> What the exercise asks
Your reply should restate the lines from the top of the entries through the line containing "Answer yes or no. Yes. Does Black have the highest" word for word, with no pictures.

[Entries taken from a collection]
________________________

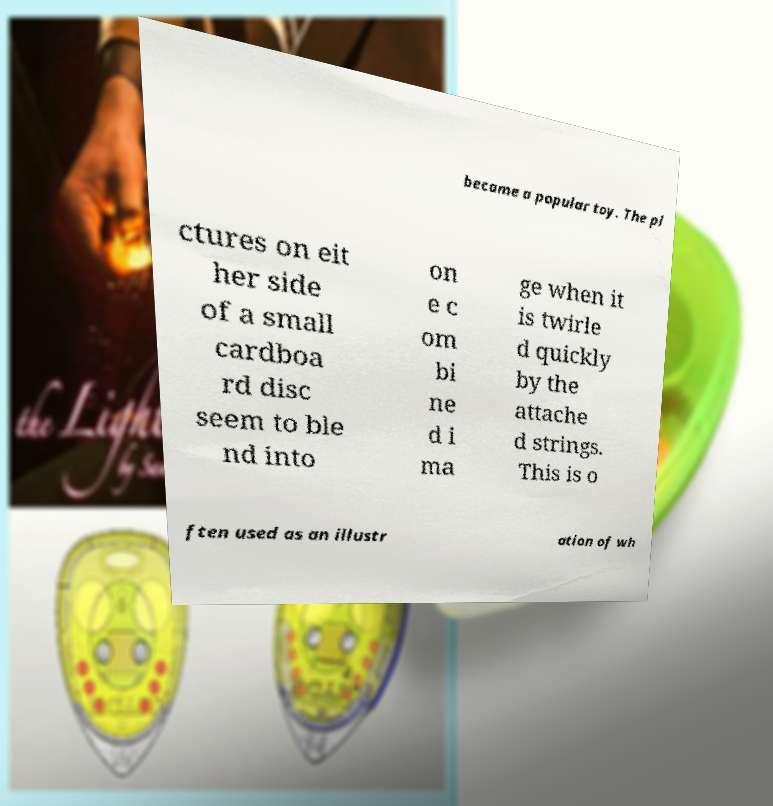For documentation purposes, I need the text within this image transcribed. Could you provide that? became a popular toy. The pi ctures on eit her side of a small cardboa rd disc seem to ble nd into on e c om bi ne d i ma ge when it is twirle d quickly by the attache d strings. This is o ften used as an illustr ation of wh 
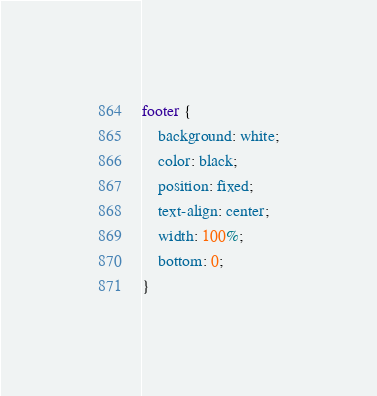Convert code to text. <code><loc_0><loc_0><loc_500><loc_500><_CSS_>footer {
    background: white;
    color: black;
    position: fixed;
    text-align: center;
    width: 100%;
    bottom: 0;
}</code> 
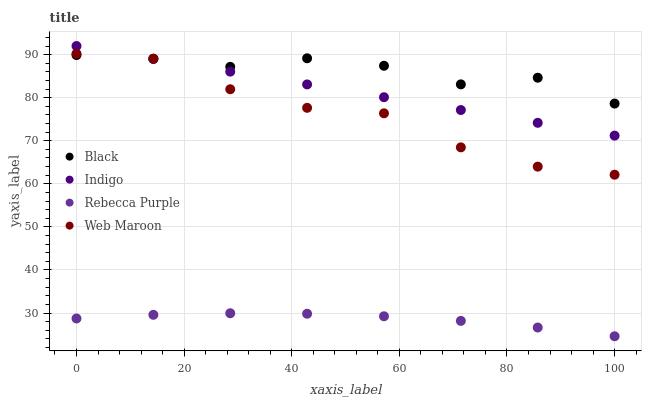Does Rebecca Purple have the minimum area under the curve?
Answer yes or no. Yes. Does Black have the maximum area under the curve?
Answer yes or no. Yes. Does Black have the minimum area under the curve?
Answer yes or no. No. Does Rebecca Purple have the maximum area under the curve?
Answer yes or no. No. Is Indigo the smoothest?
Answer yes or no. Yes. Is Black the roughest?
Answer yes or no. Yes. Is Rebecca Purple the smoothest?
Answer yes or no. No. Is Rebecca Purple the roughest?
Answer yes or no. No. Does Rebecca Purple have the lowest value?
Answer yes or no. Yes. Does Black have the lowest value?
Answer yes or no. No. Does Indigo have the highest value?
Answer yes or no. Yes. Does Black have the highest value?
Answer yes or no. No. Is Rebecca Purple less than Indigo?
Answer yes or no. Yes. Is Black greater than Rebecca Purple?
Answer yes or no. Yes. Does Black intersect Indigo?
Answer yes or no. Yes. Is Black less than Indigo?
Answer yes or no. No. Is Black greater than Indigo?
Answer yes or no. No. Does Rebecca Purple intersect Indigo?
Answer yes or no. No. 
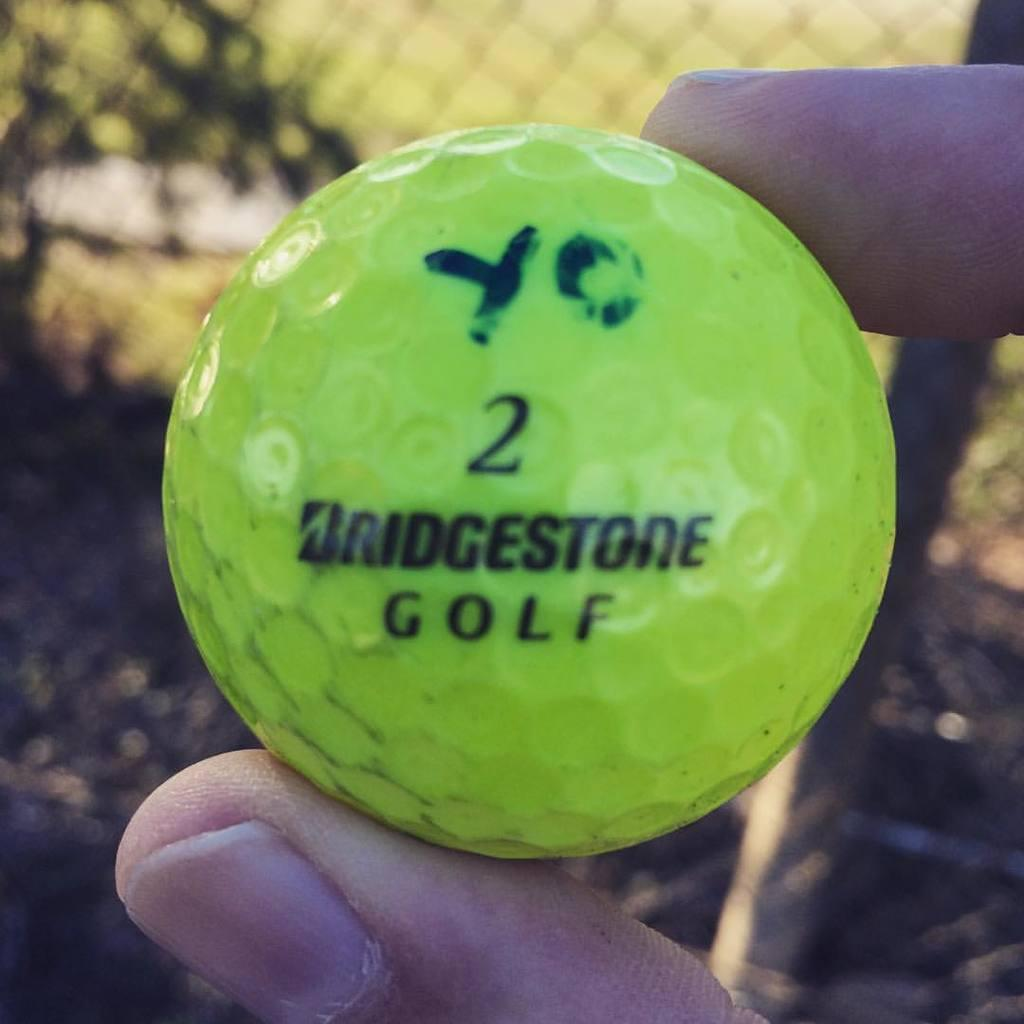What is being held by the person's fingers in the image? There is a ball being held by the person's fingers in the image. What can be seen in the background of the image? There is a mesh and a pole in the background of the image. What type of spoon is being used to hit the ball in the image? There is no spoon present in the image, and the ball is not being hit by any object. 
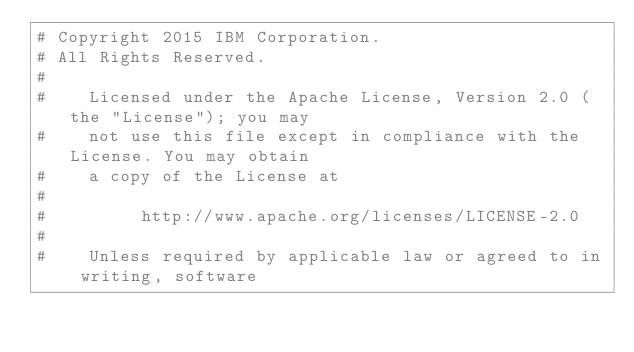Convert code to text. <code><loc_0><loc_0><loc_500><loc_500><_Python_># Copyright 2015 IBM Corporation.
# All Rights Reserved.
#
#    Licensed under the Apache License, Version 2.0 (the "License"); you may
#    not use this file except in compliance with the License. You may obtain
#    a copy of the License at
#
#         http://www.apache.org/licenses/LICENSE-2.0
#
#    Unless required by applicable law or agreed to in writing, software</code>

________________________

> Answer for the task
For documentation purposes, I need the text within this image transcribed. Could you provide that? became a popular toy. The pi ctures on eit her side of a small cardboa rd disc seem to ble nd into on e c om bi ne d i ma ge when it is twirle d quickly by the attache d strings. This is o ften used as an illustr ation of wh 
Convert code to text. <code><loc_0><loc_0><loc_500><loc_500><_CSS_>footer {
    background: white;
    color: black;
    position: fixed;
    text-align: center;
    width: 100%;
    bottom: 0;
}</code> 
Does Rebecca Purple have the minimum area under the curve?
Answer yes or no. Yes. Does Black have the maximum area under the curve?
Answer yes or no. Yes. Does Black have the minimum area under the curve?
Answer yes or no. No. Does Rebecca Purple have the maximum area under the curve?
Answer yes or no. No. Is Indigo the smoothest?
Answer yes or no. Yes. Is Black the roughest?
Answer yes or no. Yes. Is Rebecca Purple the smoothest?
Answer yes or no. No. Is Rebecca Purple the roughest?
Answer yes or no. No. Does Rebecca Purple have the lowest value?
Answer yes or no. Yes. Does Black have the lowest value?
Answer yes or no. No. Does Indigo have the highest value?
Answer yes or no. Yes. Does Black have the highest value?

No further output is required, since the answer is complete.